Em discurso em evento em Curitiba (PR), o presidente do Tribunal Superior Eleitoral (TSE), ministro Kassio Nunes Marques, defendeu que o problema da inteligência artificial é o uso desinformativo de ferramentas para manipular os eleitores.
“A tecnologia por si só não constitui ameaça à democracia.

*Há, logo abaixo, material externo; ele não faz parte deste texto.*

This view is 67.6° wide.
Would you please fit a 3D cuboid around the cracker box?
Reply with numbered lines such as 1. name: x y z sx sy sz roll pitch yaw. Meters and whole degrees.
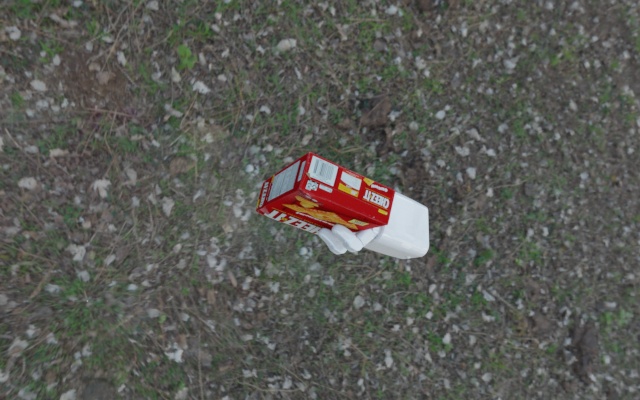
1. cracker box: 0.000 0.003 0.830 0.164 0.072 0.214 22 -20 -21
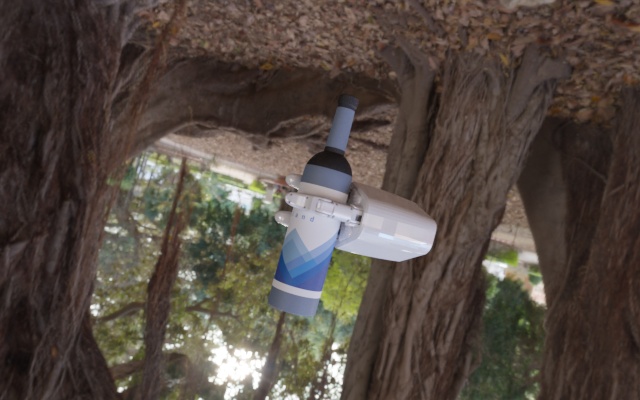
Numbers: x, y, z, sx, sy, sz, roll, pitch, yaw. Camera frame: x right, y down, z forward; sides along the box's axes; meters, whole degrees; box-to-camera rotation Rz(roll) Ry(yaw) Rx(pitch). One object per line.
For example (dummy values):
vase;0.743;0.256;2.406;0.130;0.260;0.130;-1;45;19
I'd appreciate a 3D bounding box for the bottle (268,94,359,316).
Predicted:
bottle;0.000;0.002;0.642;0.069;0.295;0.069;15;-2;1

A inteligência artificial possui aplicações legítimas, úteis e socialmente relevantes”, destacou.
Entretanto, o presidente da Corte Eleitoral reforçou que “o problema reside no uso fraudulento, opaco, desinformativo dessas ferramentas para manipular a vontade política do eleitorado e comprometer a normalidade e a legitimidade das eleições”.
Durante o painel, Nunes Marques ressaltou resolução implementada neste ano pelo TSE que proíbe, no período entre 72 horas antes e 24 horas após a eleição, a circulação de conteúdos novos criados ou alterados por IA que modifiquem imagem, voz ou fala de candidatos.

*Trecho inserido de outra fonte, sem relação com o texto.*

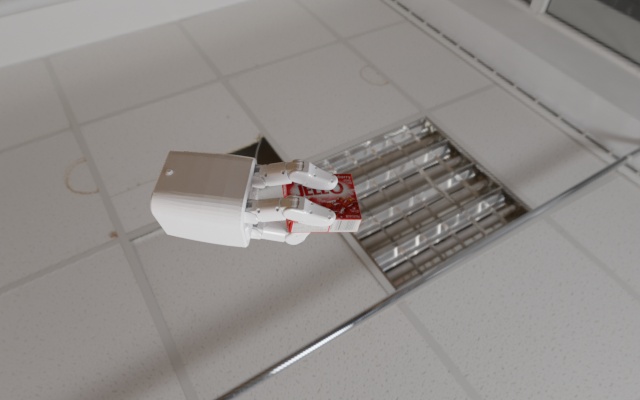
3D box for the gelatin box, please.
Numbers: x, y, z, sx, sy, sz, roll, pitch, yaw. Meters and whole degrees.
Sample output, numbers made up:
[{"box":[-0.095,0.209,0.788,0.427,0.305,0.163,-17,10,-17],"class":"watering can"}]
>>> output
[{"box":[0.000,0.002,0.586,0.089,0.073,0.030,0,-39,-14],"class":"gelatin box"}]

Liberdade de expressão e desinformação
O ministro ainda argumentou que constantemente a Justiça Eleitoral Brasileira tem sido desafiada a preservar dois valores que classificou como “igualmente essenciais ao processo democrático”.

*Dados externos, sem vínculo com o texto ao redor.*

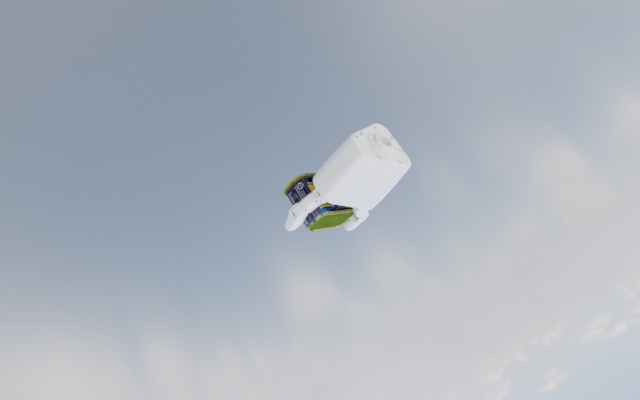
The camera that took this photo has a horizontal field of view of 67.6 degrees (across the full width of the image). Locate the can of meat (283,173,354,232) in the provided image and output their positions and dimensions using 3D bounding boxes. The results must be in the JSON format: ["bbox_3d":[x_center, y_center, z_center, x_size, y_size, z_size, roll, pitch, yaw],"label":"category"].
[{"bbox_3d":[0.000,0.003,0.815,0.102,0.084,0.057,-5,-34,-48],"label":"can of meat"}]
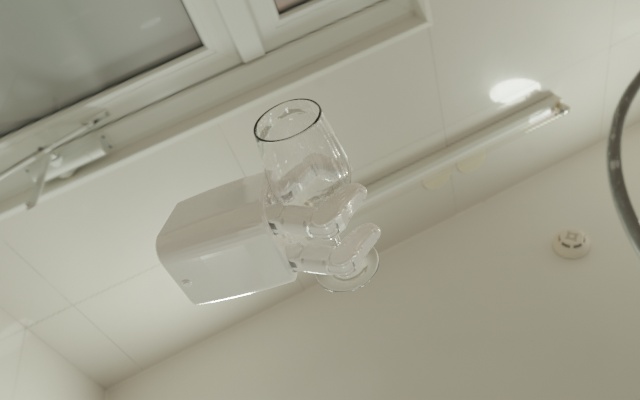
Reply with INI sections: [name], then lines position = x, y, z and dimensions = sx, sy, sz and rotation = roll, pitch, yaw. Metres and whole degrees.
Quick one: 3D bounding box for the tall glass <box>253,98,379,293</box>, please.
[tall glass]
position = 0.000, 0.002, 0.470
dimensions = 0.079, 0.201, 0.079
rotation = -13, 41, 11

“De um lado, a ampla liberdade de expressão política, indispensável ao debate público no contexto eleitoral. De outro, a integridade da disputa, a paridade de armas entre candidaturas e a proteção da eleitora e do eleitor contra práticas ilícitas, sejam elas abusivas ou desinformativas”, destacou.
As declarações aconteceram durante o X Congresso Brasileiro de Direito Eleitoral. Durante 15 minutos, Nunes Marques abordou os principais temas que envolvem as eleições gerais de 2026, como igualdade de gênero, desinformação e papel da justiça eleitoral no pleito.